All Tokyo 2020 Olympic sports ranked, from soccer to basketball
Glue the plump into the goal. Chuck bullet to the head. Repeat.
Note: send for Fatty Foulke.
20: Sport climbing
A new entry this time: These people are really good at getting things done quickly. The sport surely claims a story / scandal that a medalist is a reformed burglar. One of the many Olympic sports (boxing, shooting, synchronized forging) where a criminal past would be excellent preparation.
Note: not one for acrophobes.
19: Trampoline gymnastics
Bring the leisure base to the international sports scene. Trampolining is a fun and healthy activity for all age groups, and much like animal sledding at the Winter Olympics, it seems like it might just happen to you rather than having to actively do it.
Note: meaty, rhythmic, big and lively.
18: Beach volleyball
The cooler cousin of another volleyball. A sport that everyone can try out if they have a ball, a swimsuit and a beach.
Ranking: the most spectacular sand show since Lawrence of Arabia.
17: Road cycling
Not as good as the Tour de France, but Britain is still there with a scream.
Note: giant pileup always possible.
Surfing finally has its chance at the Olympics. Count on decent waves. Hoping for some great post-event “woah man” interviews with the contestants.

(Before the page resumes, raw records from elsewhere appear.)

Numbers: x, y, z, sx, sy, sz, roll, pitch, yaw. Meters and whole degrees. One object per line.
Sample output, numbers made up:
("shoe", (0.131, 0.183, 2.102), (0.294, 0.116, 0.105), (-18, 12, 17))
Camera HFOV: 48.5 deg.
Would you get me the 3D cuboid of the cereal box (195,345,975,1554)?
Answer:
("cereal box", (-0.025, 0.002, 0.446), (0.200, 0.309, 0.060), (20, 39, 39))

Grapple! And not the kind where 300-pound drugged actors hit each other with folding chairs. Tough, oiled men from Kazakhstan stand against each other until one begs for mercy. One of those sports where you are really happy to watch from thousands of miles away.

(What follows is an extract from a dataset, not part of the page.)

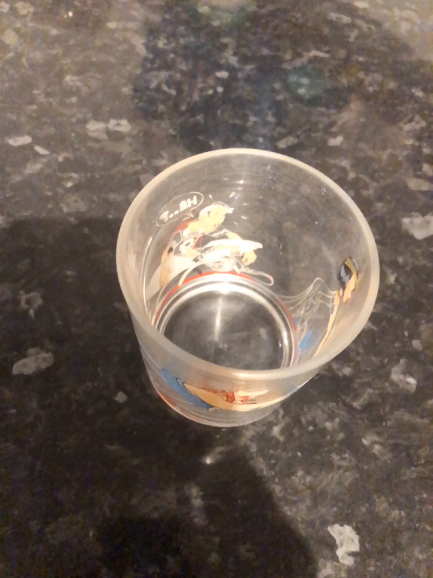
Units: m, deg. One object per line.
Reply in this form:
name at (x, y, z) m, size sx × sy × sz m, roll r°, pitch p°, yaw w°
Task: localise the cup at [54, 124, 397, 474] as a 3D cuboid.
cup at (0.005, 0.010, 0.165) m, size 0.080 × 0.080 × 0.080 m, roll 2°, pitch 64°, yaw -4°

Note: specialized interest.
14: Table tennis
Quite rare Olympic sport as most people have tried it at some point, maybe on a campsite, maybe in a youth club. Makes you appreciate how amazing Olympians are at things, a sense of connection you don’t get with, say, pole vault.

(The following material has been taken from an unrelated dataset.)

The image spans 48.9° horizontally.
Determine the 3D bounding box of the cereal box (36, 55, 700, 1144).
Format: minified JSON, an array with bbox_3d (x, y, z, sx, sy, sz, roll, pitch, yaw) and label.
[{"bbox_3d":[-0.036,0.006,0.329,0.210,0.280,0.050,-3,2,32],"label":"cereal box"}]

Ranking: the sport most offered in the 1970s. Strong vibrations of orange squash and wagon wheel.
A gloriously vivid royal blue pitch can make you feel like you’re watching the Premier League years in an acid flashback, Britain looks good at it, it’s enough like football that you can pick up the flow and reflux. Epic masks.
Note: where were the Germans, but frankly who cares?
Almost every rowing article or TV report defensively seems quick to state that “it’s not just the fancy people at Oxbridge, you know, ahahaha”. Whatever you say, your grace. In fact, it televises quite well as it scrolls horizontally like an old-fashioned Daley Thompson decathlon game.
Note: which one is Cambridge?
Most of us have done it, and these people do it without getting yelled at by a sadistic gaming teacher, without having to pick up a brick or have a wart. You could argue that there are too many events: if you fell off a boat, you wouldn’t care to get to the life raft via a dog paddle or like a frog, right?
Rating: Then enjoy an incredibly hot drink in a small beige cup from the vending machine.